In short, the data in a BI system does not represent an objective truth. It is based on subjective choices of users and designers, and thus may not be an accurate reflection of the reality it allegedly represents. (Note added on 16 Feb 2013: See my essay on data, information and truth in organisations for more on this point).
Side-effects of data-based decisions are negligible: When basing decisions on data, side-effects are often ignored. Although this point is closely related to the first one, it is worth making separately. For example, judging a sales representative’s performance on sales figures alone may motivate the representative to push sales at the cost of building sustainable relationships with customers. Another example of such behaviour is observed in call centers where employees are measured by number of calls rather than call quality (which is much harder to measure). The former metric incentivizes employees to complete calls rather than resolve issues that are raised in them. See my post entitled, measuring the unmeasurable, for a more detailed discussion of this point.
Although I have used a scenario to highlight problems of the above assumptions, they are independent of the specifics of any particular decision or system. In short, they are inherent in BI systems that are based on data – which includes most systems in operation.
Programmable and non-programmable decisions
Of course, BI systems are perfectly adequate – even indispensable – for certain situations.
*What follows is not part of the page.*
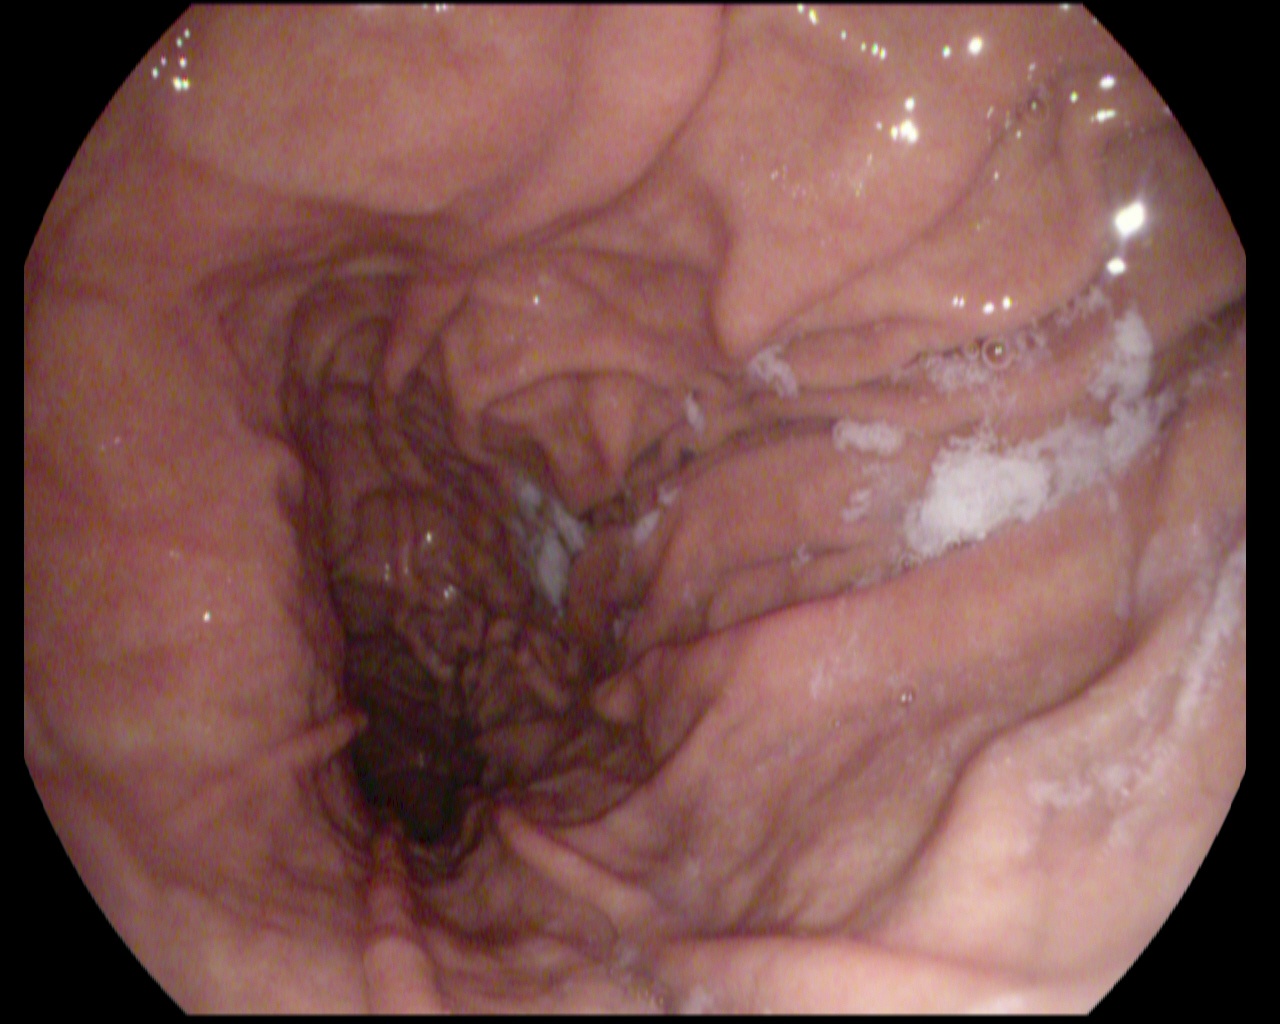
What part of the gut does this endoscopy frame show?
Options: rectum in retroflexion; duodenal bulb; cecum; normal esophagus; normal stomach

normal stomach

Examples of these include, financial reporting (when done right!) and other operational reporting (inventory, logistics etc). These generally tend to be routine situations with clear cut decision criteria and well-defined processes. Simply put, they are the kinds of decisions that can be programmed.
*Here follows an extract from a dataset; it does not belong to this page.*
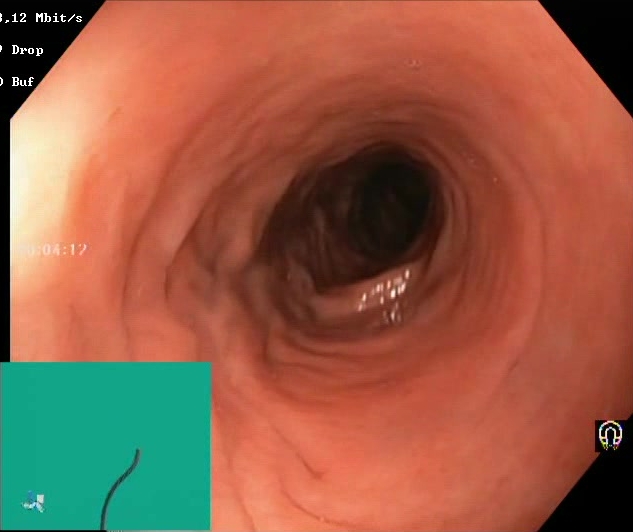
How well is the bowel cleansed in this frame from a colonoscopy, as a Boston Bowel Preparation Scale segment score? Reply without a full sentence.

Boston Bowel Preparation Scale score 2–3 (adequate preparation)

On the other hand, many decisions cannot be programmed: they have to be made based on incomplete and/or ambiguous information that can be interpreted in a variety of ways. Examples include issues such as what an organization should do in response to increased competition or formulating a sales action plan in a rapidly changing business environment. These issues are wicked: among other things, there is a diversity of viewpoints on how they should be resolved. A business manager and a sales representative are likely to have different views on how sales action plans should be adjusted in response to a changing business environment. The shortcomings of BI systems become particularly obvious when dealing with such problems.
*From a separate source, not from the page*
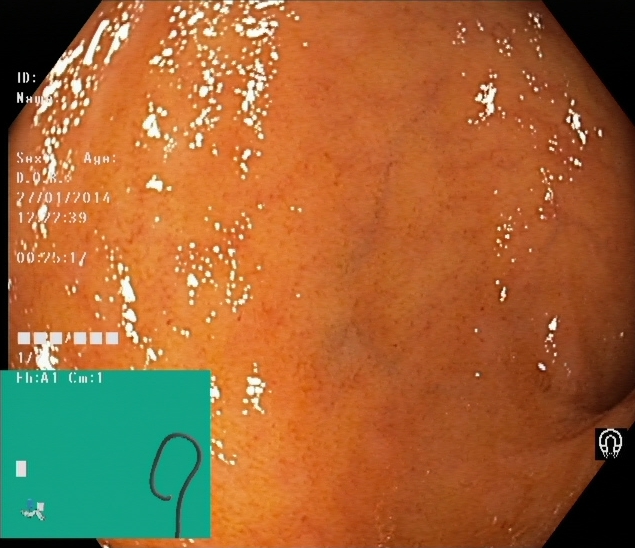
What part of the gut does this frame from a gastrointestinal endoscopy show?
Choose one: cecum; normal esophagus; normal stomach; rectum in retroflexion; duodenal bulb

cecum

Some may argue that it is naïve to expect BI systems to be able to handle such problems. I agree entirely. However, it is easy to overlook over the limitations of these systems, particularly when called upon to make snap decisions on complex matters. Moreover, any critical reflection regarding what BI ought to be is drowned in a deluge of vendor propaganda and advertisements masquerading as independent advice in the pages of BI trade journals.
Conclusion
In this article I have argued that BI systems have some inherent limitations as decision support tools because they focus attention on data to the exclusion of other, equally important factors. Although the data-centric paradigm promoted by these systems is adequate for routine matters, it falls short when applied to complex decision problems.